Bölüm 15

1.9K 84 11
                                    

"Bulut sana diyorum duymuyor musun !?" Babamın sesi ile kendime gelmiştim.

Geçmişte yaşanan şeyler hiçbir zaman silinmiyordu beynimden. O gece kül olmuş villanın önünde sabaha kadar çaresizce ağlamam, hayatımın mahvolması... Her şey bu turuncu saçlı kız yüzündendi. Ve şimdi onun kayıtlı görüntüleriyle bunlar yaşanırken komada olduğu söyleniyordu. Peki ya benim ? Benim o kötü anılarımın kahramı olan bu yılan o yılan değilse o yılan kim ?

Kahretsin iyice beynim error vermeye başladı !

"İmkansız " diye fısıldayabildim en son zar zor.

"Hayır bak kayıtlar var. "

"Ben doğru söylüyorum ne olur inanın bana "

Sertçe ona döndüğümde sandalyeye iyice sindi. " senle seviştim lan. O da mı hayal di. Lan daha iki yıl önce seviştiğim kadın gelmiş karşıma beş yıldır uyuyorum diyor. Beynimi yedin Mısra ! Hayatıma girdiğin güne lanet olsun !"

"Kendine gel bulut karşında baban var. Söylediğin sözleri düşün öyle konuş ! Ben Mısra'ya inanıyorum. Şimdi bu kağıtları imzalayın. "

"Onlar ne ?"

"Evli olacaksınız bunları imzalayınca. Ben her şeyi hallettim. Tıpki senin Hikmete yaptığın gibi bende sana hazırladım. "

"Lanet olsun baba !"

"Bulut şartım hala geçerli kabul ediyorsan eğer.."

Hızla sözünü kestim "tamam imzalayalım bitsin "

Rüzgarın buraya gelmesi düşüncesine kesinlikle henüz hazır değildim.

"Bu olmak zorunda mı Resul ağam"

Mısra'nın dolu gözlerle sorduğu soru sinirlerimi geriyordu. "Ben kabul ettim sen mi burun kıvırıyorsun. İlginçsin Mısra ! Ağzımın içine düşüyordun kaç yıl önce. Bak şimdi her şey istediğin gibi !"

"Yeter ! İkinizde imzalayın şunu. Yoksa Mısra sen Hikmet ağaya gidersin sende şartımı biliyorsun Bulut !"

Babam cümlesini bitirince Mısra titreyen eliyle kalemi tuttu zar zor imzaladı. Bende hızla imzaladım ve babama uzattım.
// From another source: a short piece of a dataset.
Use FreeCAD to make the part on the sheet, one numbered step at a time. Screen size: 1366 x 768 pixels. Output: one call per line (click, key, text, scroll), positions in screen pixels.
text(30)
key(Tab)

"Bundan sonra bu saçmalıklardan bıktım Bulut. Mısra seninle kalacak. Gerçek bir aile olacaksınız. İki senedir yas tutuyorsun. Artık yuva kurmanın zamanı gelmişti. Yeni karın Mısra. Mutlu olun. "
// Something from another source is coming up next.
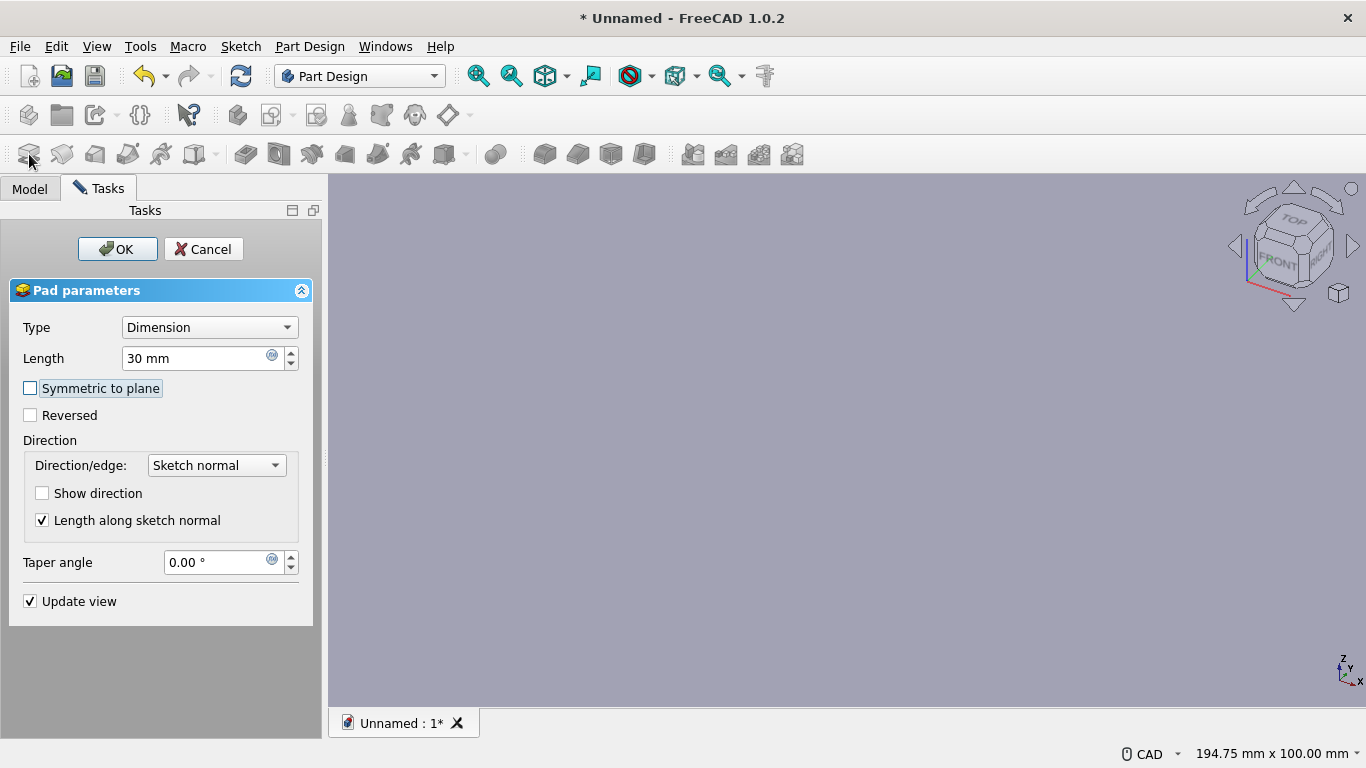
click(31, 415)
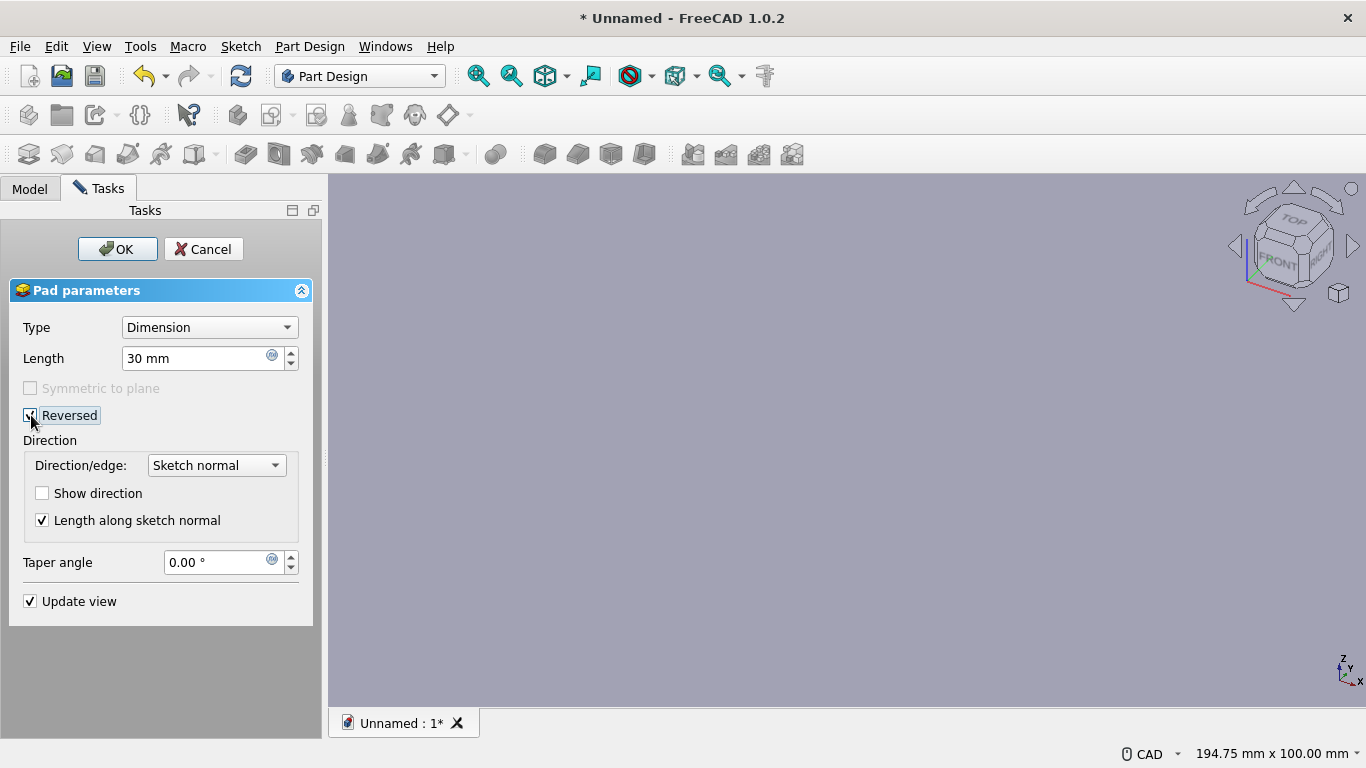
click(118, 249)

Gerisini dinlemeden odadan çıktım.

.

.

Saat 12 ye gelirken odamın kapısı tıklandı. "Gel "

İçeri giren bir adet Mısrayla şaşkınca yataktan doğruldum. En son beklediğim kişiydi. Hatta listede bile yoktu !

Kapıyı ardından kapatıp bana döndü "Resul ağa burada kalacağımı söyledi. Zilan hanım da Ayşe ile bu kıyafetleri yollamış. Ne olur bana bir şey yapma hiç bir suçum yok " hızlı hızlı bunları söylerken kapının ağzında duruyordu. Halıya diktiği gözlerini biran bana kaldırmadı.

Eğer onu tanımasam ne kadar saf ve temiz diyebilirdim ama o tam bir yılandı. Hemde zehirli.

Gözlerimi kıyafetine diktiğimde bembeyaz sabahlığın sımsıkı kapatılıp bağlandığını gördüm.

Korkusu her halinden belliydi. Evet benle evlenmesinin büyük ızdırap olacağını söylüyordu. O zaman bu ızdırabı kendim için zevke dönüştürüp ona acı çektirebilirdim.